5. **RMSE Trends**: Line plot showing train and test RMSE as a function of polynomial degree.
![Untitled](https://github.com/user-attachments/assets/8f295f1a-5059-4c18-9efb-92ea89e2dc2b)

## Results
The RMSE trends demonstrate:
- **Low-degree models (e.g., degree 1-3)**: Both train and test RMSE decrease, indicating underfitting.
- **Optimal degree (e.g., degree 4)**: Balanced performance on training and testing data.
- **High-degree models (e.g., degree 5-9)**: Training RMSE decreases further, but testing RMSE rises sharply, showing overfitting.

## Key Code Snippets
### RMSE Calculation Loop
```python
test_RMSE = []
train_RMSE = []

for i in range(1,10):

ob2 = PolynomialFeatures(degree=i, include_bias=False)

polymod2 = ob2.fit_transform(X)

X_train, X_test, y_train, y_test = train_test_split(polymod2, y, test_size=0.3, random_state=101)

ob3 = LinearRegression()
mod3 = ob3.fit(X_train, y_train)

ypredtest = mod3.predict(X_test)
ypredtrain = mod3.predict(X_train)

train_rmse = np.sqrt(mean_squared_error(y_train,ypredtrain))
test_rmse = np.sqrt(mean_squared_error(y_test,ypredtest))

train_RMSE.append(train_rmse)
test_RMSE.append(test_rmse)
```

### RMSE Trend Visualization
```python
plt.figure(figsize=(10,6))
plt.plot(err['degree'][0:6],err['train_RMSE'][0:6])
plt.plot(err['degree'][0:6],err['test_RMSE'][0:6])
plt.legend(labels=['train_RMSE','test_RMSE'])
plt.xlabel('Dergree')
plt.ylabel('RMSE')
plt.ylim(0,4.6)
```

## Conclusion
This project successfully demonstrates how increasing polynomial degrees can lead to overfitting.
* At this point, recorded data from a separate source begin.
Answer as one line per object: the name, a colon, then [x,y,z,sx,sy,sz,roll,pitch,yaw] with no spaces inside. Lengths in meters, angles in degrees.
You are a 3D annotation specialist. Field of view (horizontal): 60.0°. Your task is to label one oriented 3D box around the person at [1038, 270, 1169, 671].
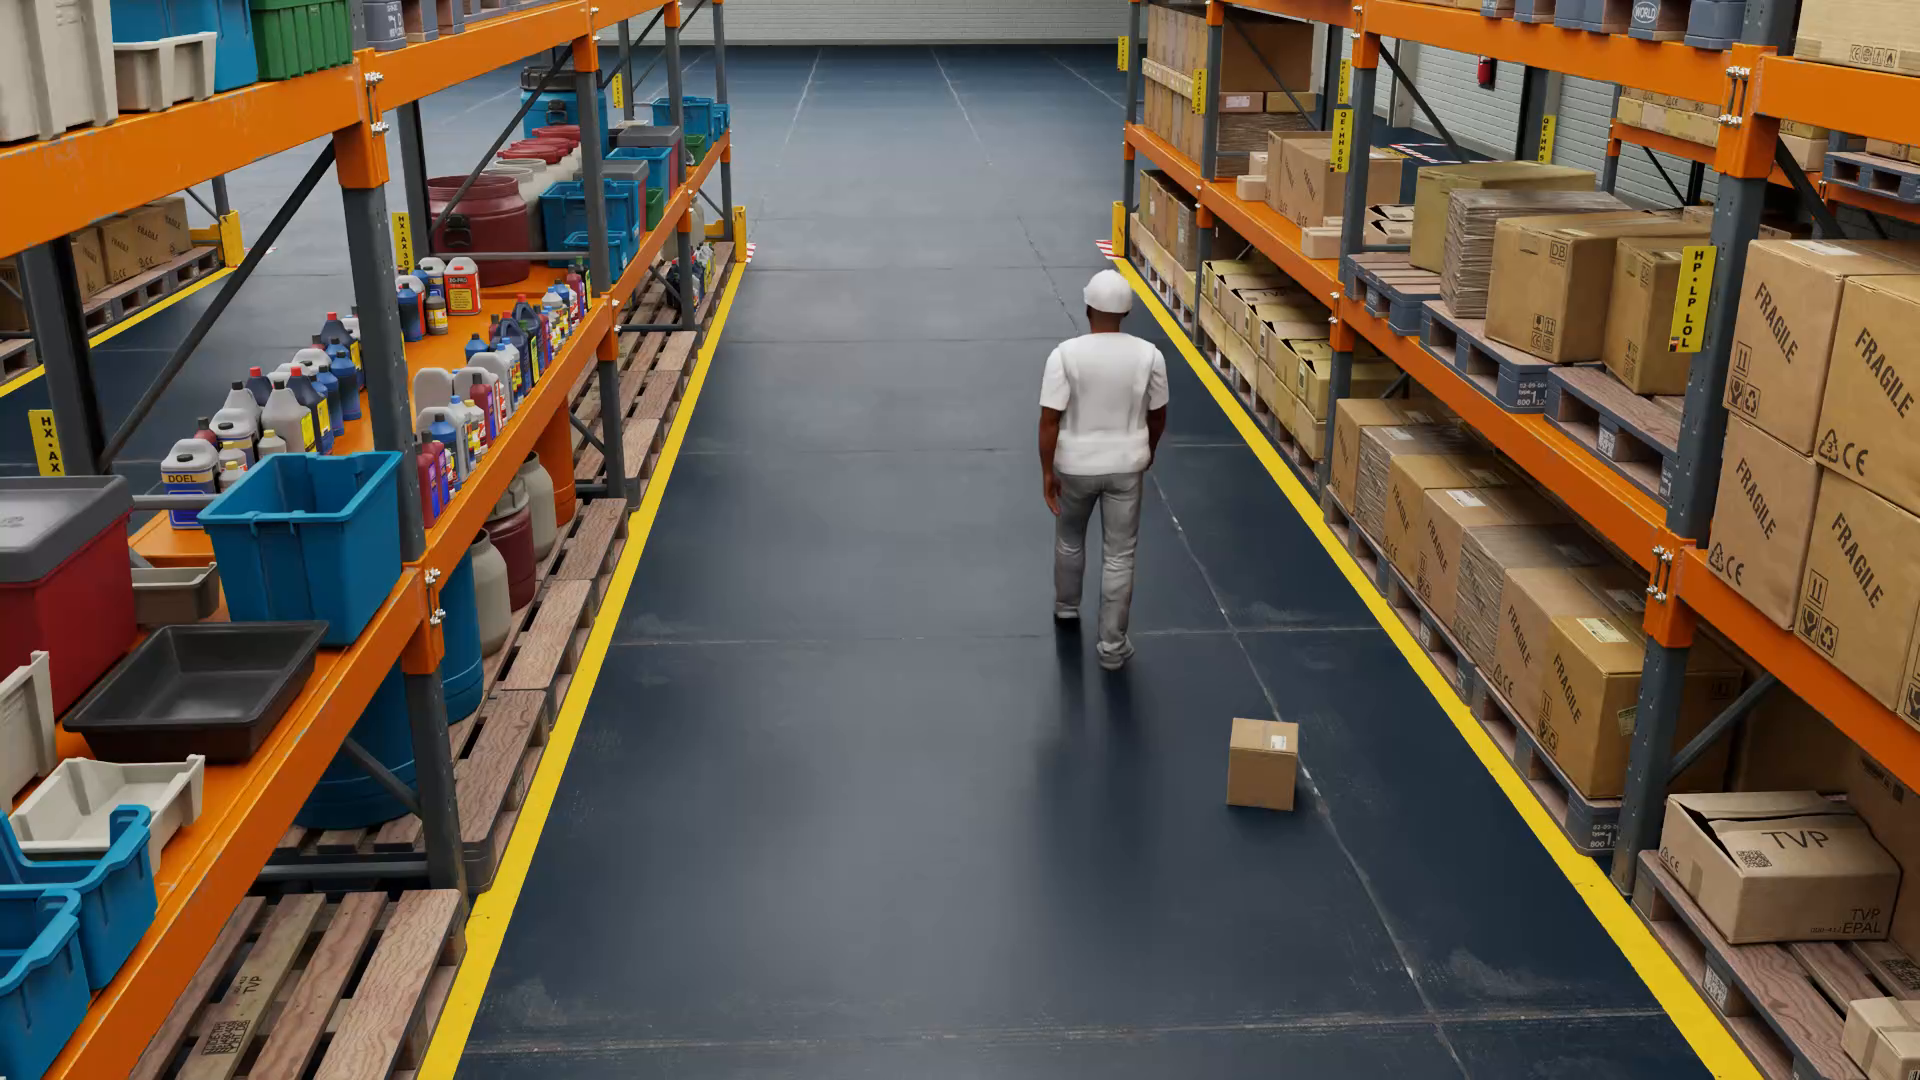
person: [0.638,-0.348,7.466,0.569,1.763,0.880,1,20,4]
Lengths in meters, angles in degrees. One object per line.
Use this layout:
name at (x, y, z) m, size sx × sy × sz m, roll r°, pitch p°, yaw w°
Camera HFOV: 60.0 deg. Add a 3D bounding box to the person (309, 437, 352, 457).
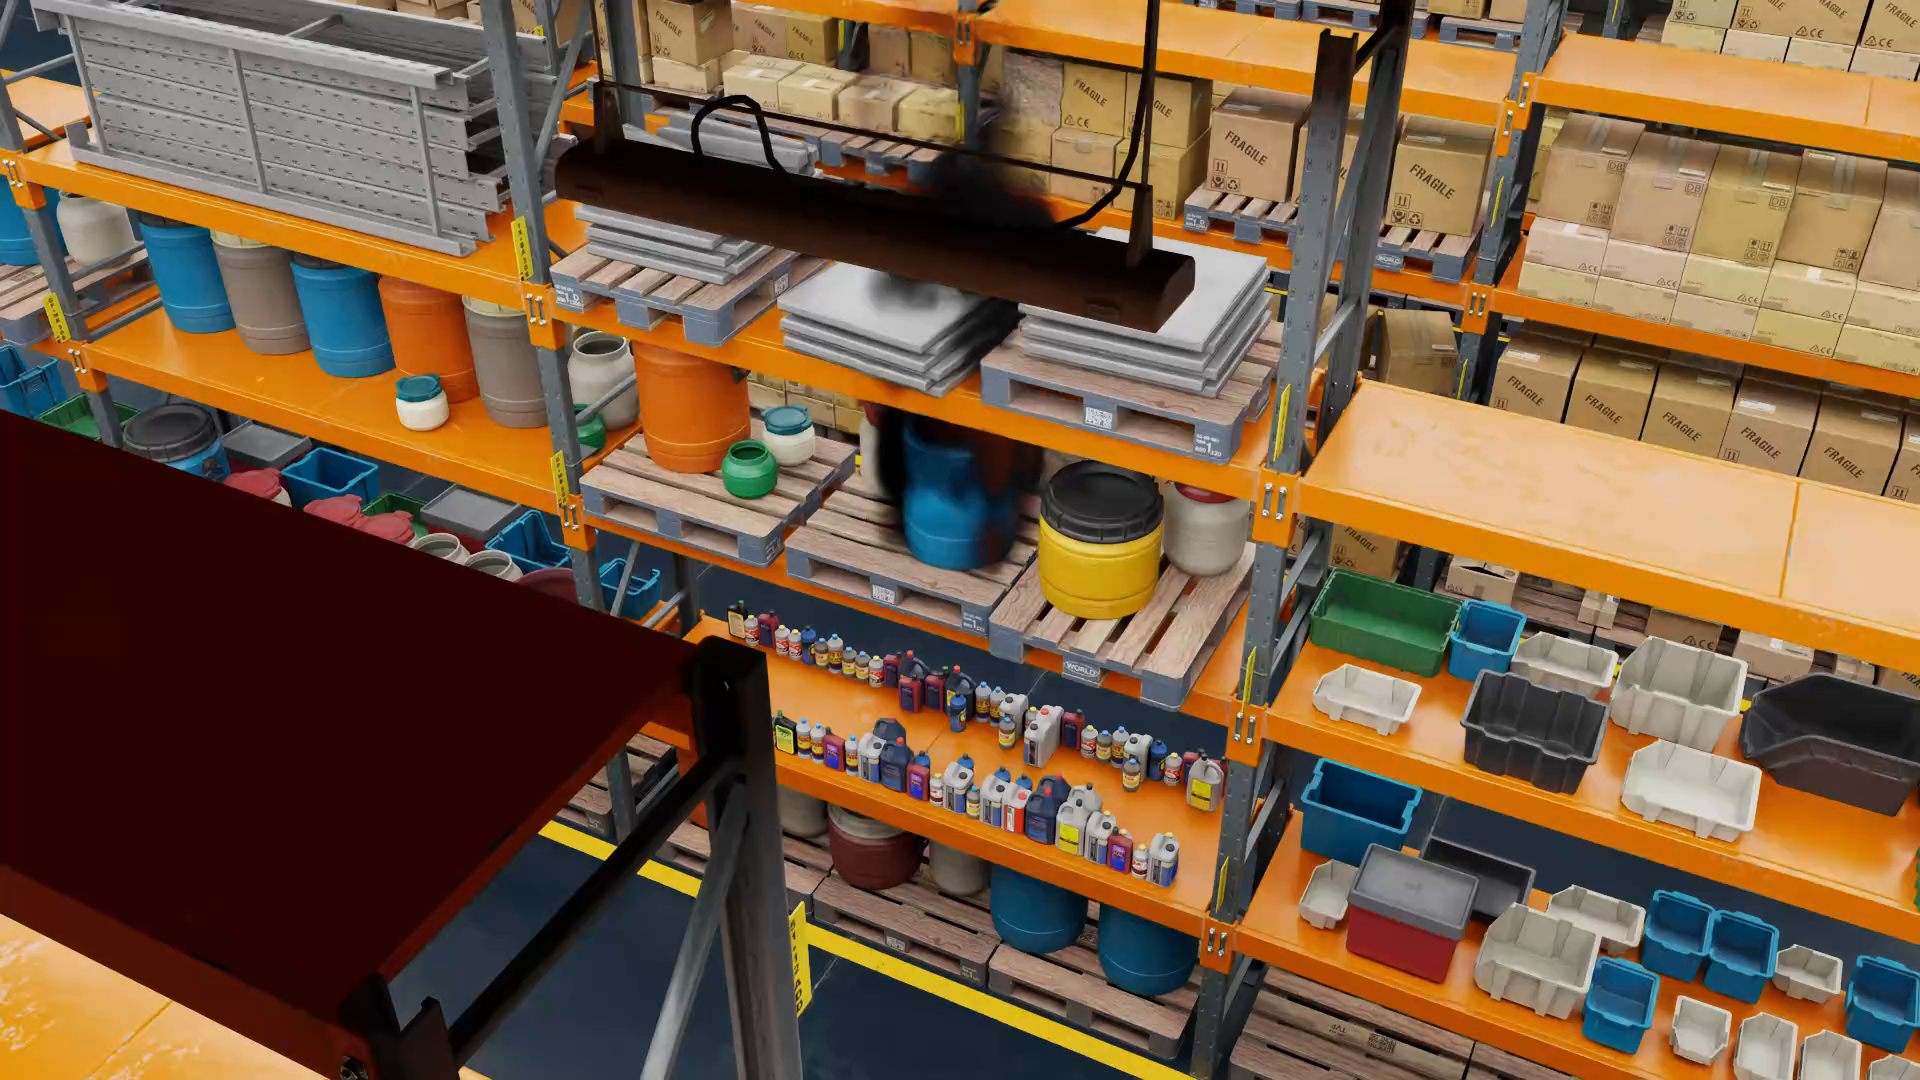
person at (-5.360, -0.934, 13.755) m, size 0.701 × 1.656 × 0.507 m, roll -22°, pitch 41°, yaw -28°

By analyzing RMSE trends, we highlight the trade-off between bias and variance, providing valuable insights into model complexity and its impact on generalization.

## Future Work
- Introduce regularization techniques (e.g., Ridge or Lasso Regression) to mitigate overfitting.
- Use cross-validation to evaluate model performance more robustly.
- Explore feature selection and scaling to improve regression performance.